You are viewing a plain text version of this content. The canonical link for it is here.

Posted to issues@spark.apache.org by "Sean R. Owen (Jira)" <ji...@apache.org> on 2019/12/09 21:43:00 UTC

[jira] [Created] (SPARK-30195) Some imports, function need more explicit resolution in 2.13

Sean R. Owen created SPARK-30195:
------------------------------------

             Summary: Some imports, function need more explicit resolution in 2.13
                 Key: SPARK-30195
                 URL: https://issues.apache.org/jira/browse/SPARK-30195
             Project: Spark
          Issue Type: Sub-task
          Components: ML, Spark Core, SQL, Structured Streaming
    Affects Versions: 3.0.0
            Reporter: Sean R. Owen
            Assignee: Sean R. Owen


This is a grouping of related but not identical issues in the 2.13 migration, where the compiler is more picky about explicit types and imports. I'm grouping them as they seem moderately related.

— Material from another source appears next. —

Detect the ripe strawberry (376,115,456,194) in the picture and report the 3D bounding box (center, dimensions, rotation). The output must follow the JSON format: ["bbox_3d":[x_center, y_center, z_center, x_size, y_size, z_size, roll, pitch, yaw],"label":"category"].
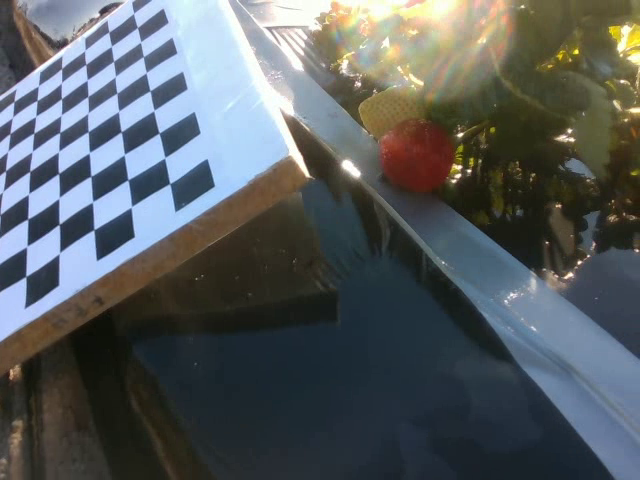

Some are fairly self-evident like wanting an explicit generic type. In a few cases it looks like import resolution rules tightened up a bit and have to be explicit.

A few more cause problems like:

{code}
[ERROR] [Error] /Users/seanowen/Documents/spark_2.13/mllib/src/main/scala/org/apache/spark/ml/feature/CountVectorizer.scala:220: missing parameter type for expanded function
The argument types of an anonymous function must be fully known. (SLS 8.5)
Expected type was: ?
{code}

In some cases it's just a matter of adding an explicit type, like {{.map { m: Matrix =>}}.

Many seem to concern functions of tuples, or tuples of tuples.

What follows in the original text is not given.